Hello. Okay this is my first year ever doing biology, so i feel a little behind. I appologise for a long thing and all the questions. I'll number the questions.
We have completed 2 practical experiments on enzymes. The first one was testing the rate of reaction between Liver Catalase and hydrogen peroxide in 3 different pH buffers (4, 7 & 10).
The second one was testing the rate of reaction between Liver Catalase and hydrogen peroxide at 4 different temperature; Ice cold, room temp., 40 degrees, and 80degrees. Although, what we did was put the test tubes with Liver in water in a bath of each of those temps for 10 mins and then we had to let them all sit to return to room temperature. 1. So i'm guessing the aim wasn't to see how temperature effects the rate of reaction, but instead how temperature effects the enzyme in a way which in turn effects the reaction rate? Unless that's legit the same thing idk.
For both practicals, the ROR was tested using a stop watch, a ruler, and a splint. It wasn't specified exactly how to use those tools to measure.
I saw some students timing the reaction up until the bubbles started to dissappear. However i was timing how long it took for the bubbles to reach a maximum height. So i stopped timing when the bubbles stopped going higher and were instead building at the same rate as they dissappeared. 2. Not sure if that's a correct way of doing it?
Then, i assumed that when the bubbles had stopped increasing in height that perhaps that meant the Enzyme was saturated. 3. But if each trial had the same amount of liver and the same amount of Hydrogen Peroxide then shouldnt all the trials have reached the same maximum height but just at different speeds? 4. Most trials had a height difference of between 0.2 and 1cm. Why didn't all the trials climb to the same height? Or is that due to varying degrees of enzyme denaturation?

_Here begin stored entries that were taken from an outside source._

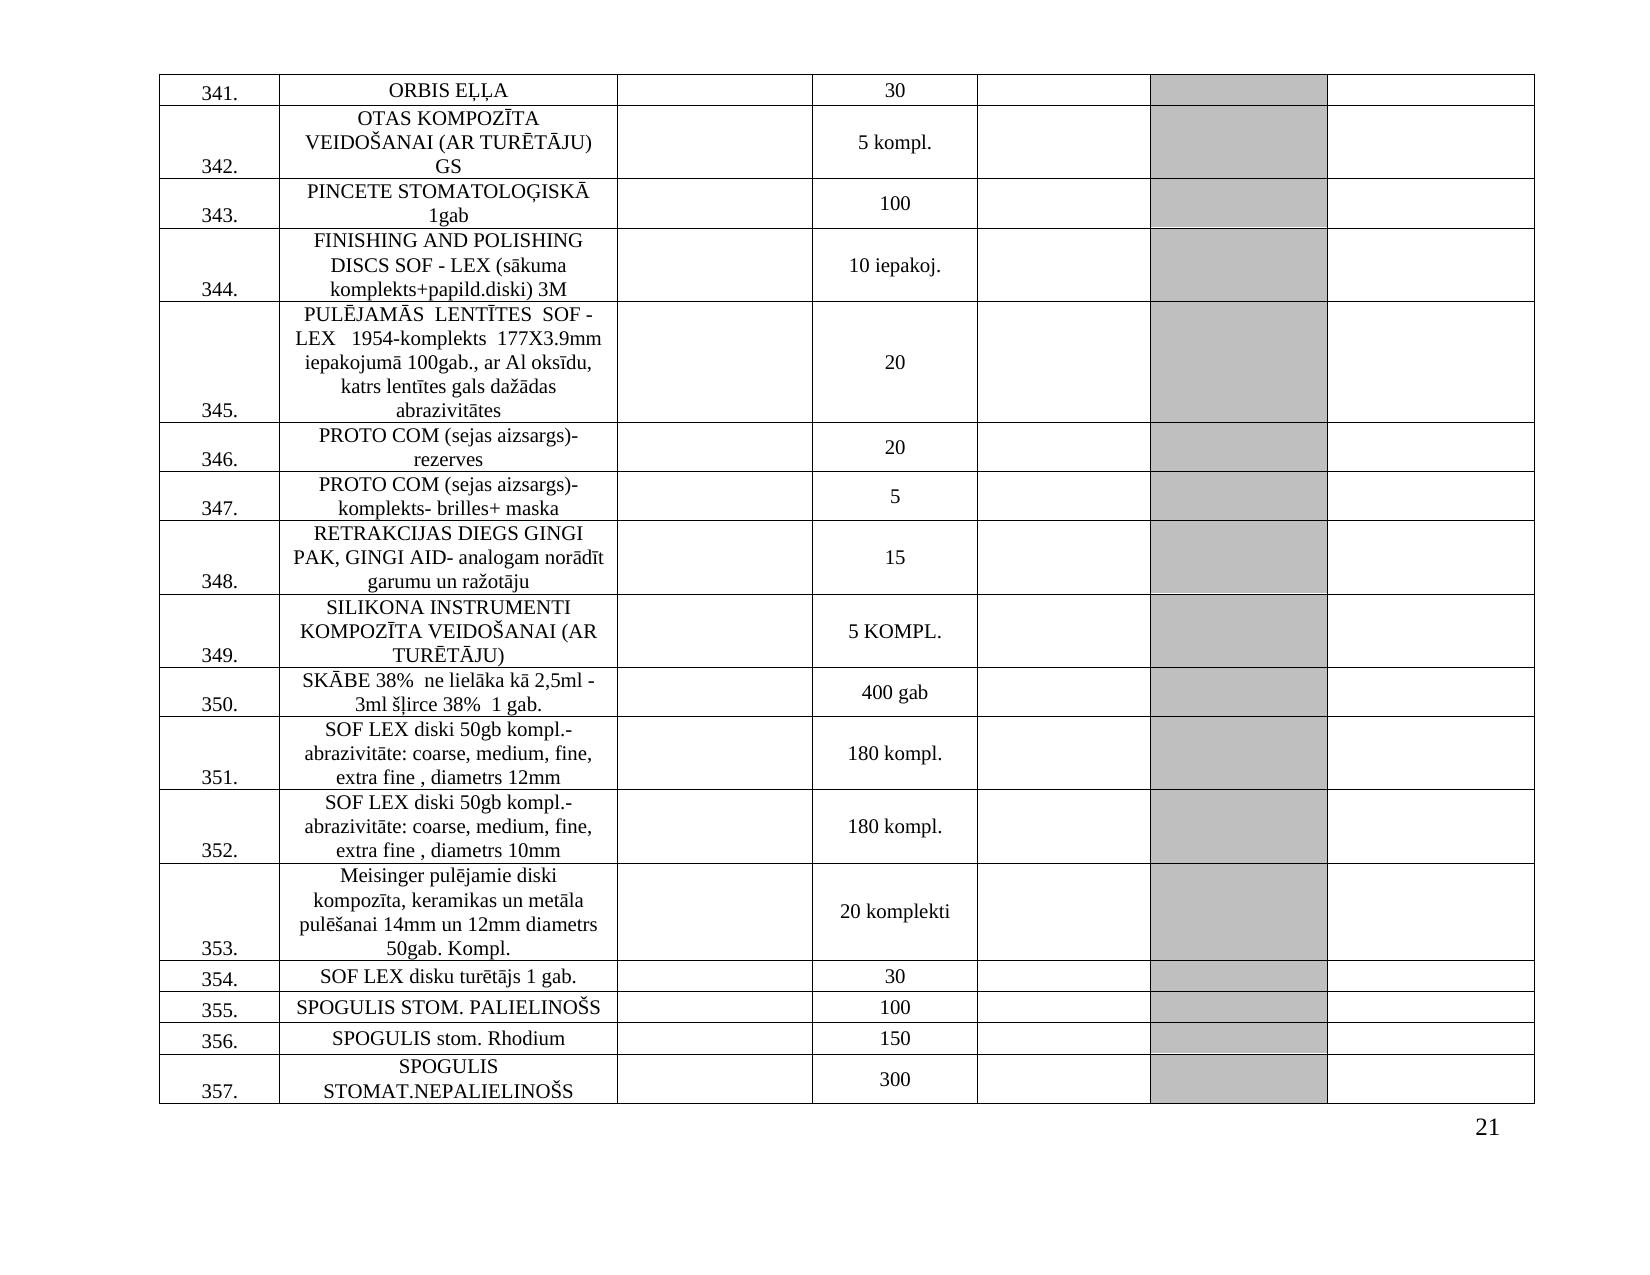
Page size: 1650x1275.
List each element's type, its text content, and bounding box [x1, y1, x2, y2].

table_cell [618, 717, 812, 789]
table_cell [978, 595, 1150, 667]
table_cell 350. [160, 668, 279, 716]
table_cell [1151, 961, 1327, 991]
table_cell PROTO COM (sejas aizsargs)-rezerves [280, 423, 617, 471]
table_cell 343. [160, 179, 279, 227]
table_cell SOF LEX disku turētājs 1 gab. [280, 961, 617, 991]
table_cell [1328, 992, 1534, 1022]
table_cell [978, 1055, 1150, 1103]
table_cell [978, 668, 1150, 716]
table_cell [1328, 1055, 1534, 1103]
table_cell 347. [160, 472, 279, 520]
table_cell [1151, 1055, 1327, 1103]
table_cell [978, 472, 1150, 520]
table_cell [1151, 790, 1327, 862]
table_cell [1328, 179, 1534, 227]
table_cell [618, 472, 812, 520]
table_cell [1328, 717, 1534, 789]
table_cell [978, 229, 1150, 301]
table_cell 5 [813, 472, 977, 520]
table_cell [1151, 472, 1327, 520]
table_cell [1151, 106, 1327, 178]
table_cell [1151, 1023, 1327, 1053]
table_cell [1328, 961, 1534, 991]
table_cell [1151, 521, 1327, 593]
table_cell 20 komplekti [813, 864, 977, 960]
table_cell 356. [160, 1023, 279, 1053]
table_cell 400 gab [813, 668, 977, 716]
table_cell [1151, 595, 1327, 667]
table_cell SPOGULIS STOMAT.NEPALIELINOŠS [280, 1055, 617, 1103]
table_cell [1151, 668, 1327, 716]
table_cell [978, 75, 1150, 105]
table_cell 180 kompl. [813, 717, 977, 789]
table_cell 348. [160, 521, 279, 593]
table_cell [1328, 521, 1534, 593]
table_cell [1328, 302, 1534, 422]
table_cell 351. [160, 717, 279, 789]
table_cell [618, 106, 812, 178]
table_cell [1328, 668, 1534, 716]
table_cell [618, 75, 812, 105]
table_cell [618, 423, 812, 471]
table_cell 300 [813, 1055, 977, 1103]
table_cell [978, 1023, 1150, 1053]
table_cell [1151, 423, 1327, 471]
table_cell 15 [813, 521, 977, 593]
table_cell 5 KOMPL. [813, 595, 977, 667]
table_cell [618, 790, 812, 862]
table_cell [978, 717, 1150, 789]
table_cell [618, 668, 812, 716]
table_cell [978, 106, 1150, 178]
table_cell SOF LEX diski 50gb kompl.- abrazivitāte: coarse, medium, fine, extra fine , diametrs 10mm [280, 790, 617, 862]
table_cell [978, 992, 1150, 1022]
table_cell SILIKONA INSTRUMENTI KOMPOZĪTA VEIDOŠANAI (AR TURĒTĀJU) [280, 595, 617, 667]
table_cell 150 [813, 1023, 977, 1053]
table_cell [1328, 106, 1534, 178]
table_cell [1328, 472, 1534, 520]
table_cell [618, 992, 812, 1022]
table_cell 20 [813, 302, 977, 422]
table_cell [1328, 1023, 1534, 1053]
table_cell Meisinger pulējamie diski kompozīta, keramikas un metāla pulēšanai 14mm un 12mm diametrs 50gab. Kompl. [280, 864, 617, 960]
table_cell 341. [160, 75, 279, 105]
table_cell [618, 864, 812, 960]
table_cell 355. [160, 992, 279, 1022]
table_cell 10 iepakoj. [813, 229, 977, 301]
table_cell 20 [813, 423, 977, 471]
table_cell SPOGULIS stom. Rhodium [280, 1023, 617, 1053]
table_cell [1328, 75, 1534, 105]
table_cell PULĒJAMĀS LENTĪTES SOF - LEX 1954-komplekts 177X3.9mm iepakojumā 100gab., ar Al oksīdu, katrs lentītes gals dažādas abrazivitātes [280, 302, 617, 422]
table_cell 344. [160, 229, 279, 301]
table_cell 353. [160, 864, 279, 960]
table_cell PROTO COM (sejas aizsargs)-komplekts- brilles+ maska [280, 472, 617, 520]
table_cell 346. [160, 423, 279, 471]
table_cell SOF LEX diski 50gb kompl.- abrazivitāte: coarse, medium, fine, extra fine , diametrs 12mm [280, 717, 617, 789]
table_cell SKĀBE 38% ne lielāka kā 2,5ml -3ml šļirce 38% 1 gab. [280, 668, 617, 716]
table_cell 357. [160, 1055, 279, 1103]
table_cell [1328, 423, 1534, 471]
table_cell [978, 864, 1150, 960]
table_cell [1328, 790, 1534, 862]
table_cell [1151, 992, 1327, 1022]
table_cell ORBIS EĻĻA [280, 75, 617, 105]
table_cell [978, 302, 1150, 422]
table_cell PINCETE STOMATOLOĢISKĀ 1gab [280, 179, 617, 227]
table_cell [618, 521, 812, 593]
table_cell [618, 179, 812, 227]
table_cell [1151, 229, 1327, 301]
table_cell [1151, 179, 1327, 227]
table_cell [618, 595, 812, 667]
table_cell RETRAKCIJAS DIEGS GINGI PAK, GINGI AID- analogam norādīt garumu un ražotāju [280, 521, 617, 593]
table_cell [618, 1023, 812, 1053]
table_cell [618, 1055, 812, 1103]
table_cell [1151, 302, 1327, 422]
table_cell 349. [160, 595, 279, 667]
table_cell 100 [813, 992, 977, 1022]
table_cell [618, 302, 812, 422]
table_cell [978, 423, 1150, 471]
table_cell 100 [813, 179, 977, 227]
table_cell SPOGULIS STOM. PALIELINOŠS [280, 992, 617, 1022]
table_cell [978, 790, 1150, 862]
table_cell [618, 961, 812, 991]
table_cell OTAS KOMPOZĪTA VEIDOŠANAI (AR TURĒTĀJU) GS [280, 106, 617, 178]
table_cell [1151, 717, 1327, 789]
table_cell 30 [813, 75, 977, 105]
table_cell [1151, 75, 1327, 105]
table_cell [1328, 595, 1534, 667]
table_cell [978, 179, 1150, 227]
table_cell FINISHING AND POLISHING DISCS SOF - LEX (sākuma komplekts+papild.diski) 3M [280, 229, 617, 301]
table_cell 345. [160, 302, 279, 422]
table_cell [978, 521, 1150, 593]
table_cell 180 kompl. [813, 790, 977, 862]
table_cell 354. [160, 961, 279, 991]
table_cell [978, 961, 1150, 991]
table_cell [618, 229, 812, 301]
table_cell [1151, 864, 1327, 960]
table_cell [1328, 229, 1534, 301]
table_cell 342. [160, 106, 279, 178]
table_cell 30 [813, 961, 977, 991]
table_cell 5 kompl. [813, 106, 977, 178]
table_cell [1328, 864, 1534, 960]
table_cell 352. [160, 790, 279, 862]

5&6. Actually, if the bubbles stopped growing in height, could that mean that there is simply less hydrogen peroxide molecues floating around and so less collisions occuring instead of the enzyme being saturated? bc the substrate wasnt increased so i guess the enzyme wouldn't have become saturated?
So i know catalase optimal pH and temperature is 7 and 37 ish degrees right? But i think the reaction was quickest in the room temperature trial compared to the 40 degree one. Thing is, there are discussion questions on this, one of which asks to write the optimal pH and temperature. the pH everyone knows is 7, 7. but how could we know the temperature when the only trial that was close to that temp was the 40 degree one? I originally assumed the optimal would be around 37 degrees bc i know that's basically body temperature and Catalase in inside the body. 8. I'm just confused, does that mean the question is expecting us to apply some logic and know that the body temp is around 37?
I understand that the 80degree trial definitely caused the enzymes to be permanantly denatured, as there was only 0.01cm of bubbles produced and there was no oxygen when we used the splint. 9. But what exactly would the ice water have done to the enzyme? I at first thought that cold temperatures just slow everything down. But after bathing the liver in ice water, we left it to go to room temperature, so wouldn't that speed things back up a little? 10. Or does the cold temperatures have a long lasting effect on the enzyme even after warming up to room temperature (which may have been higher than 20 degrees because it was a fairly warm day)? i should add, there was a reaction with the ice trial, it was slower than the room temp and 40 degree trial but it still seemed to be just as reactive as those two, but it slowed down quicker and reached a lower bubble height.
11. Basically, how does the cold temp effect the actual enzyme structure? or does it just slow it down. this one really confused me.
Half of this probs makes no sense. Sorry for the detail, i've never been good at being concise.